Where I stopped reading: I stopped reading about a hundred pages in, and I skimmed other parts to see if I should keep reading.
Why I stopped reading? I just couldn’t get into this book, and I really wanted to. I mean, look at that cover! Check out the title! It just screams, “Read me!” But . . . none of the characters were likeable. None of them. They weren’t nice, they had no redeeming qualities, they were all selfish, and they were all pretty vulgar. I’m not a prude or anything, and I can swear with the best of them, but this was just too much. Some parts had too much graphic detail that really wasn’t necessary and just turned me off completely. I think The People We Hate at the Wedding had so much potential, but it really fell short for me.
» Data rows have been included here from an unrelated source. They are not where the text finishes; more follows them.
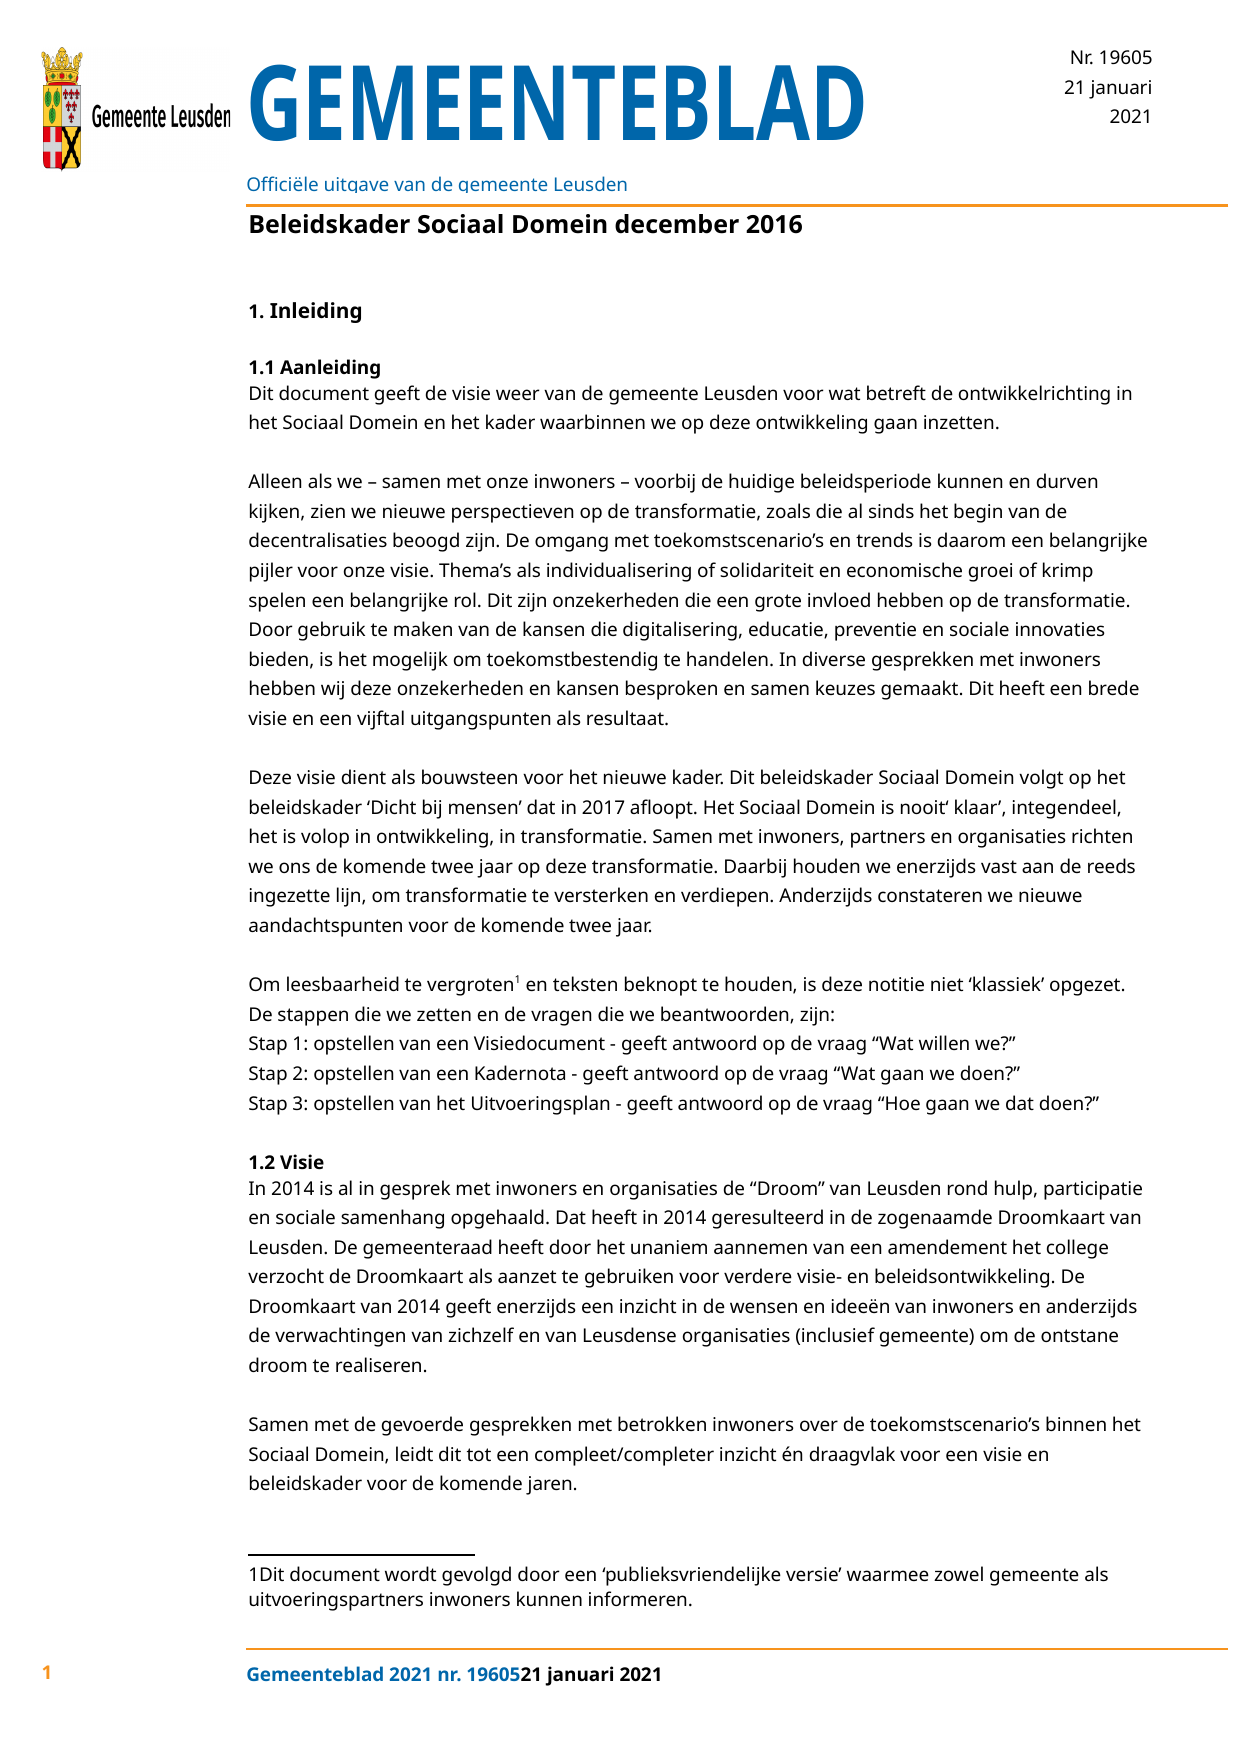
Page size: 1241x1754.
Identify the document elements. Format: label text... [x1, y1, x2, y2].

text Om leesbaarheid te vergroten en teksten beknopt te houden, is deze notitie niet ‘klassiek’ opgezet. De stappen die we zetten en de vragen die we beantwoorden, zijn: [248, 971, 1152, 1027]
picture [41, 47, 231, 172]
text Dit document wordt gevolgd door een ‘publieksvriendelijke versie’ waarmee zowel gemeente als uitvoeringspartners inwoners kunnen informeren. [248, 1561, 1152, 1612]
text Alleen als we – samen met onze inwoners – voorbij de huidige beleidsperiode kunnen en durven kijken, zien we nieuwe perspectieven op de transformatie, zoals die al sinds het begin van de decentralisaties beoogd zijn. De omgang met toekomstscenario’s en trends is daarom een belangrijke pijler voor onze visie. Thema’s als individualisering of solidariteit en economische groei of krimp spelen een belangrijke rol. Dit zijn onzekerheden die een grote invloed hebben op de transformatie. Door gebruik te maken van de kansen die digitalisering, educatie, preventie en sociale innovaties bieden, is het mogelijk om toekomstbestendig te handelen. In diverse gesprekken met inwoners hebben wij deze onzekerheden en kansen besproken en samen keuzes gemaakt. Dit heeft een brede visie en een vijftal uitgangspunten als resultaat. [248, 468, 1152, 731]
text Stap 1: opstellen van een Visiedocument - geeft antwoord op de vraag “Wat willen we?” [248, 1031, 1152, 1056]
text 1.1 Aanleiding [248, 354, 1152, 380]
text Samen met de gevoerde gesprekken met betrokken inwoners over de toekomstscenario’s binnen het Sociaal Domein, leidt dit tot een compleet/completer inzicht én draagvlak voor een visie en beleidskader voor de komende jaren. [248, 1411, 1152, 1496]
text 1. Inleiding [248, 296, 1152, 324]
text Deze visie dient als bouwsteen voor het nieuwe kader. Dit beleidskader Sociaal Domein volgt op het beleidskader ‘Dicht bij mensen’ dat in 2017 afloopt. Het Sociaal Domein is nooit‘ klaar’, integendeel, het is volop in ontwikkeling, in transformatie. Samen met inwoners, partners en organisaties richten we ons de komende twee jaar op deze transformatie. Daarbij houden we enerzijds vast aan de reeds ingezette lijn, om transformatie te versterken en verdiepen. Anderzijds constateren we nieuwe aandachtspunten voor de komende twee jaar. [248, 764, 1152, 938]
text Dit document geeft de visie weer van de gemeente Leusden voor wat betreft de ontwikkelrichting in het Sociaal Domein en het kader waarbinnen we op deze ontwikkeling gaan inzetten. [248, 380, 1152, 435]
text 1.2 Visie [248, 1149, 1152, 1175]
text Stap 2: opstellen van een Kadernota - geeft antwoord op de vraag “Wat gaan we doen?” [248, 1060, 1152, 1086]
text In 2014 is al in gesprek met inwoners en organisaties de “Droom” van Leusden rond hulp, participatie en sociale samenhang opgehaald. Dat heeft in 2014 geresulteerd in de zogenaamde Droomkaart van Leusden. De gemeenteraad heeft door het unaniem aannemen van een amendement het college verzocht de Droomkaart als aanzet te gebruiken voor verdere visie- en beleidsontwikkeling. De Droomkaart van 2014 geeft enerzijds een inzicht in de wensen en ideeën van inwoners en anderzijds de verwachtingen van zichzelf en van Leusdense organisaties (inclusief gemeente) om de ontstane droom te realiseren. [248, 1175, 1152, 1378]
text Stap 3: opstellen van het Uitvoeringsplan - geeft antwoord op de vraag “Hoe gaan we dat doen?” [248, 1090, 1152, 1116]
text Beleidskader Sociaal Domein december 2016 [248, 207, 1152, 241]

What others have rated this book: According to Goodreads, the average rating for The People We Hate at the Wedding is 3.04 stars. It looks like a majority of readers gave this book 3 stars. There were a mixture of star reviews on Amazon. At Barnes & Noble, the majority of the reviews were 4 stars. Just because I didn’t finish this book doesn’t mean you won’t.
About the book – from Goodreads:
Relationships are awful. They’ll kill you, right up to the point where they start saving your life.
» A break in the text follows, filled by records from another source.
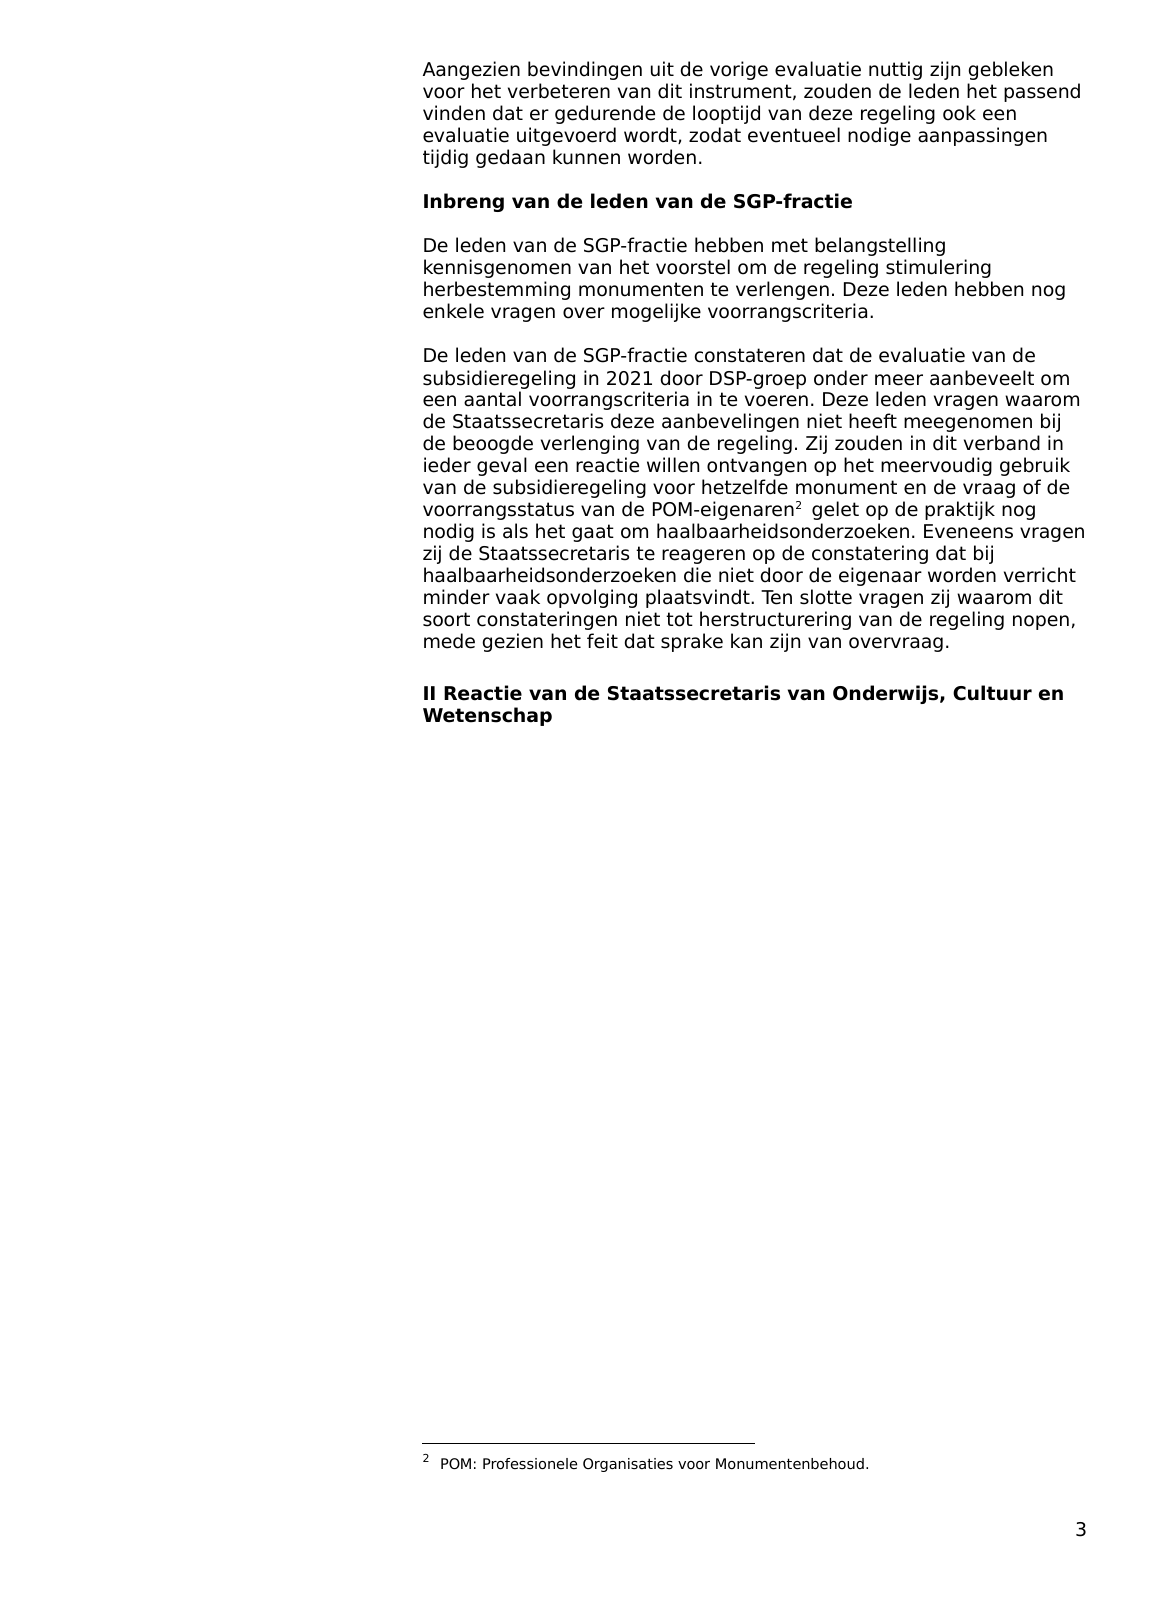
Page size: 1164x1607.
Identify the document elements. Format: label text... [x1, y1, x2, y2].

text De leden van de SGP-fractie hebben met belangstelling kennisgenomen van het voorstel om de regeling stimulering herbestemming monumenten te verlengen. Deze leden hebben nog enkele vragen over mogelijke voorrangscriteria. [422, 235, 1087, 323]
subtitle II Reactie van de Staatssecretaris van Onderwijs, Cultuur en Wetenschap [422, 683, 1087, 727]
text De leden van de SGP-fractie constateren dat de evaluatie van de subsidieregeling in 2021 door DSP-groep onder meer aanbeveelt om een aantal voorrangscriteria in te voeren. Deze leden vragen waarom de Staatssecretaris deze aanbevelingen niet heeft meegenomen bij de beoogde verlenging van de regeling. Zij zouden in dit verband in ieder geval een reactie willen ontvangen op het meervoudig gebruik van de subsidieregeling voor hetzelfde monument en de vraag of de voorrangsstatus van de POM-eigenaren gelet op de praktijk nog nodig is als het gaat om haalbaarheidsonderzoeken. Eveneens vragen zij de Staatssecretaris te reageren op de constatering dat bij haalbaarheidsonderzoeken die niet door de eigenaar worden verricht minder vaak opvolging plaatsvindt. Ten slotte vragen zij waarom dit soort constateringen niet tot herstructurering van de regeling nopen, mede gezien het feit dat sprake kan zijn van overvraag. [422, 345, 1087, 653]
text Aangezien bevindingen uit de vorige evaluatie nuttig zijn gebleken voor het verbeteren van dit instrument, zouden de leden het passend vinden dat er gedurende de looptijd van deze regeling ook een evaluatie uitgevoerd wordt, zodat eventueel nodige aanpassingen tijdig gedaan kunnen worden. [422, 59, 1087, 169]
text POM: Professionele Organisaties voor Monumentenbehoud. [422, 1452, 1087, 1474]
subtitle Inbreng van de leden van de SGP-fractie [422, 191, 1087, 213]

Paul and Alice’s half-sister Eloise is getting married! In London! There will be fancy hotels, dinners at “it” restaurants and a reception at a country estate complete with tea lights and embroidered cloth napkins.
They couldn’t hate it more.
The People We Hate at the Wedding is the story of a less than perfect family. Donna, the clan’s mother, is now a widow living in the Chicago suburbs with a penchant for the occasional joint and more than one glass of wine with her best friend while watching House Hunters International. Alice is in her thirties, single, smart, beautiful, stuck in a dead-end job where she is mired in a rather predictable, though enjoyable, affair with her married boss. Her brother Paul lives in Philadelphia with his older, handsomer, tenured track professor boyfriend who’s recently been saying things like “monogamy is an oppressive heteronormative construct,” while eyeing undergrads. And then there’s Eloise. Perfect, gorgeous, cultured Eloise. The product of Donna’s first marriage to a dashing Frenchman, Eloise has spent her school years at the best private boarding schools, her winter holidays in St. John and a post-college life cushioned by a fat, endless trust fund. To top it off, she’s infuriatingly kind and decent.
As this estranged clan gathers together, and Eloise’s walk down the aisle approaches, Grant Ginder brings to vivid, hilarious life the power of family, and the complicated ways we hate the ones we love the most in the most bitingly funny, slyly witty and surprisingly tender novel you’ll read this year.